Boxing


You jumped on the bandwagon for nothing: Some Hard Truth about Sam Peter

By Jason Peck: Every now and then some guy with reputation for knockouts emerges on the scene. And every time he comes along, the pundits fall over themselves and call him king – it never fails. But being champ means more than a reputation..

To me, too many people jumped on the Sam Peter bandwagon. And I’m tired of hearing about how he’ll walk through WBC champion Oleg Maskaev. To date, Peter’s victims have been non-contenders and a former middleweight (who gave him trouble, I might add). Fans can pad Peter’s record all they want, but the simple fact remains: If Peter prevails against Maskaev on March 8, he will have beaten the most credible opponent in his career. And not by a little bit, either.

Peter’s unimpressive victory over the unheralded Jameel McCline shocked many; Peter even visited the canvas three times en route to victory. Somewhere out there, the “Nigerian Nightmare” should be thankful that the WBC kept him away from a Top Ten contender, as a courtesy to its newly-appointed champion.

I have a simple explanation for his performance: Sam Peter just isn’t that good.

I’m no recent critic. Since the early days, the fans lost no time in declaring him heir apparent to the heavyweight title. Along the way, they praised Peter for skills he never had, applauded him for improvements he never made, and let him fight lesser opponents without criticism.

The alphabets tossed him title shots – at one point, Peter could pick and choose between them. Ring Magazine ranks him second in the division, and demands that Wladimir Klitschko fight him again to determine their true champion. And soon after Mike Tyson retired, many made ridiculous comments that the torch had been passed down from Tyson to Peter.

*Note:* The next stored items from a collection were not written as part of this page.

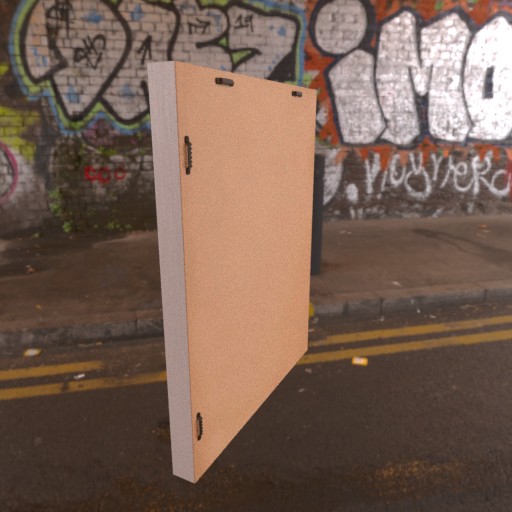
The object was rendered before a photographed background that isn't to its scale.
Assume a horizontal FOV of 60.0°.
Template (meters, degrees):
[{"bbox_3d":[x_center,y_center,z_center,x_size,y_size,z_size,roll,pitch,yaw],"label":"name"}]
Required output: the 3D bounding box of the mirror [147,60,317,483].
[{"bbox_3d":[0.000,0.000,0.685,0.041,0.508,0.405,8,18,26],"label":"mirror"}]
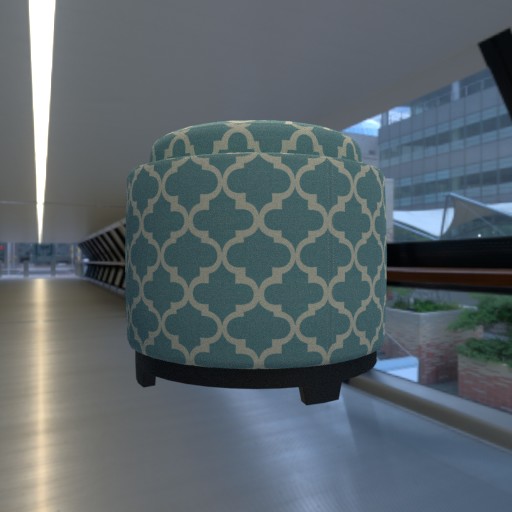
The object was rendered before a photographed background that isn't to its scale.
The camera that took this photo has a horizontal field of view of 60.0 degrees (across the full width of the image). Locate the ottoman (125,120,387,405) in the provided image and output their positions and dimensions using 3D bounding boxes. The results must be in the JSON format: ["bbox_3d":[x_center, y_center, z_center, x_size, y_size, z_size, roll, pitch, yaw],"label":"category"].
[{"bbox_3d":[0.000,0.000,0.848,0.480,0.429,0.480,0,0,0],"label":"ottoman"}]
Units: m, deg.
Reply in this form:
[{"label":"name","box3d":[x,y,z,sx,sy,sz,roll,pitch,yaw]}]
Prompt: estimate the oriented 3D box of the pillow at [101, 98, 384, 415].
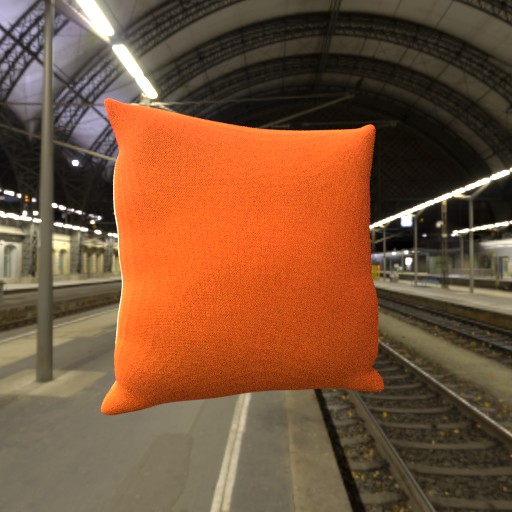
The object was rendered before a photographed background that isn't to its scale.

First off, it’s always irritating when people use the phrase “like a young Mike Tyson” to describe any heavy-handed fighter. How ignorant – it makes it sound like young Mike was a knuckle-dragging Neanderthal. Instead, he was expertly trained, incredibly disciplined (courtesy of Cus D’Amato) and physically sharpened to a razor’s edge. Quite the opposite is true – few boxers are “like a young Mike Tyson”. That’s why there hasn’t been a young Mike Tyson since a young Mike Tyson.

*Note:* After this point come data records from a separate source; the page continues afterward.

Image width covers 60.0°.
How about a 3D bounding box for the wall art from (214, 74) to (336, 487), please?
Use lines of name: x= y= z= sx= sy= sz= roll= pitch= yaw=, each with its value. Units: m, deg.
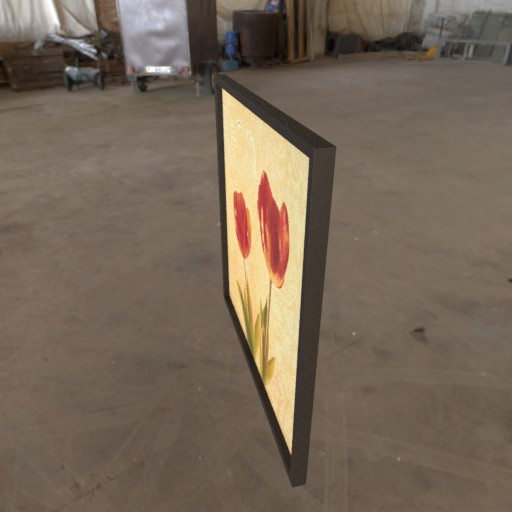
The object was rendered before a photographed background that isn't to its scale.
wall art: x=0.000 y=0.000 z=1.185 sx=0.043 sy=0.807 sz=0.805 roll=-8 pitch=30 yaw=-13
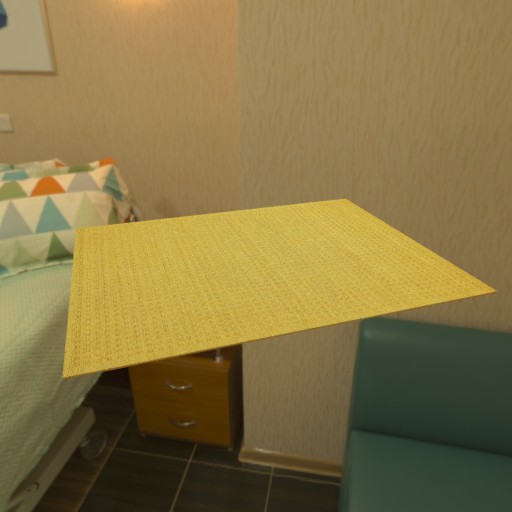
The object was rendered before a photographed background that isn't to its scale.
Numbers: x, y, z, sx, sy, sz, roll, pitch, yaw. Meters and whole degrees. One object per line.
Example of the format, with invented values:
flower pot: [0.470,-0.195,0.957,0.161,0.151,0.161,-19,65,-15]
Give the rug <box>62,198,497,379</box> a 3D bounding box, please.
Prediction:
rug: [0.000,0.000,4.153,3.242,0.015,2.486,-8,27,-17]

Peter’s got a great jab, you say? I haven’t seen it. Vast improvement? Please – all he did was lose some pounds he shouldn’t have had in the first place. He’ll gain them back. And hard-hitting? I ask you, when was Peter’s last knockout?

But even his fans inadvertently admit his inferiority. Peter earned the Klitschko fight with wins over Taurus Sykes, Jeremy Williams and Gilbert Martinez. After losing to Klitschko (despite some great rabbit-punching), he decisioned Robert Hawkins and knocked out Julius Long (14-7). A close decision over James Toney followed, then a better one.

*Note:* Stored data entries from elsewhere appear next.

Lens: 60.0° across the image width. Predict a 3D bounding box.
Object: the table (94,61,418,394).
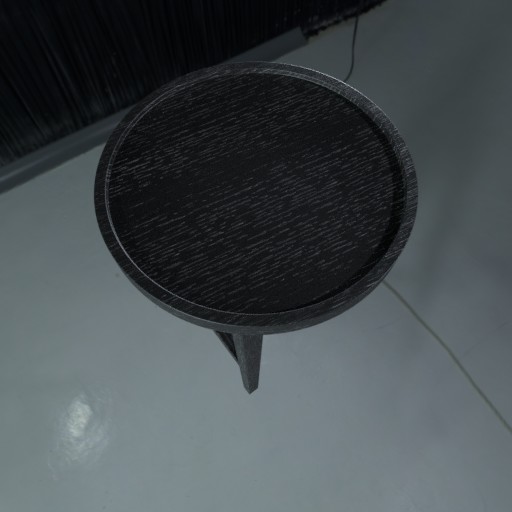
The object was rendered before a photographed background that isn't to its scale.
[{"bbox_3d":[0.000,0.000,0.757,0.399,0.460,0.399,0,63,0],"label":"table"}]
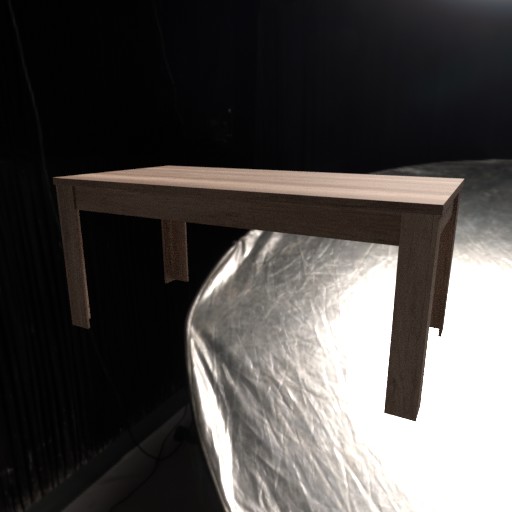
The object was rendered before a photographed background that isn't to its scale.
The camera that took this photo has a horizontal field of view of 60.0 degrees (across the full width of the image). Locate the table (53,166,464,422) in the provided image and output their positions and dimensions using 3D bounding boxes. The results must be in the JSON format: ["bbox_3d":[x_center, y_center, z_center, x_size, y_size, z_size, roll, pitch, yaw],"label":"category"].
[{"bbox_3d":[0.000,0.000,2.273,1.800,0.790,0.900,8,18,27],"label":"table"}]
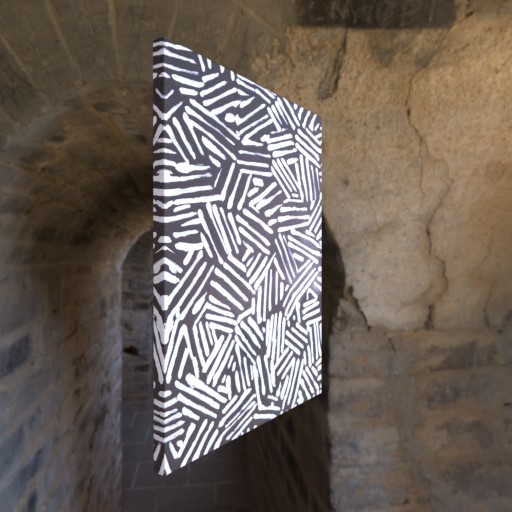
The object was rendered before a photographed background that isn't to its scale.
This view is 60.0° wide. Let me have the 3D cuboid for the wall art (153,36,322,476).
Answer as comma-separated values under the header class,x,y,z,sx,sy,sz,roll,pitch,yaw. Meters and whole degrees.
class,x,y,z,sx,sy,sz,roll,pitch,yaw
wall art,0.000,0.000,1.339,0.038,1.017,0.765,0,1,37
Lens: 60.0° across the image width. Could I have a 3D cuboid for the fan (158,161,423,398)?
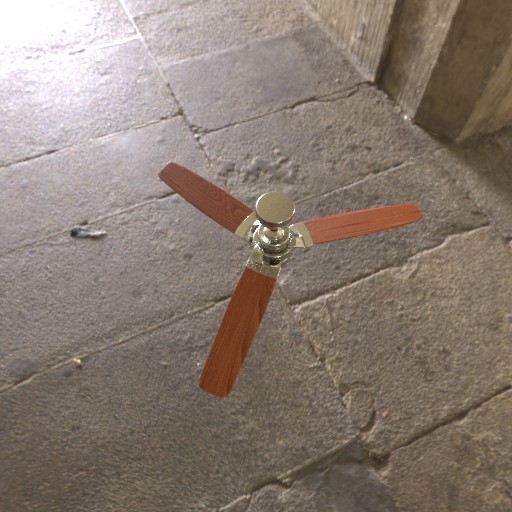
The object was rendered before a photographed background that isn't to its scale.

Now imagine the firestorm of criticism that Klitschko or Maskaev would face if they lowered their opponents to Peter’s level. For reasons beyond me, Klitschko somehow gets derided NOT knocking out Sultan Imbragimov, and for making a boring fight.

So where’s the hate for Peter? He’s been not knocking people out for two years now. And you want a boring heavyweight bout – check out Peter’s 2004 stinker against Jovo Pudar. It felt like watching “Punch-Out”’s King Hippo fight his reflection.

Klitschko likewise earned heavy criticism in his WBO days for beating second-tier fighters like Ray Mercer, Francois Botha and Jameel McCline. Any of the above would be a high point for Peter. Indeed, the latter was almost TOO high.

Maskaev likewise received no accolades for his underdog victory over Hasim Rahman, an accomplishment that eluded the (then) highly-regarded James Toney. In fact, the boxing media had been covering Maskaev-Peter as though Maskaev should somehow feel guilty for holding the title.

I can’t tell you how many times I read nonsense about how Peter was a “stylistic nightmare” to Maskaev, although the writers inevitably never explain the finer points of the Sweet Science. Just the crude elementary of Peter’s rumored power colliding with Maskaev’s supposedly perpetually-exposed chin.

But why the assumptions? Maskaev may be slow, but he’s a good boxer, and certainly not stupid enough to stand motionless with his guard down. And unlike McCline, Maskaev’s right hand is known for its power. Now that Peter’s chin has been exposed, one must wonder what a solid shot from “The Big O” could do.

Have we gone past the days when one can get a title shot without earning it? Is the heavyweight division really in that bad of shape? I’d like to think not.

Remember this: Names don’t matter in the ring. Neither does reputation, TV contracts or magazine endorsements. In the coming months, Peter will face more challengers at a world level. The result will shock – but should it?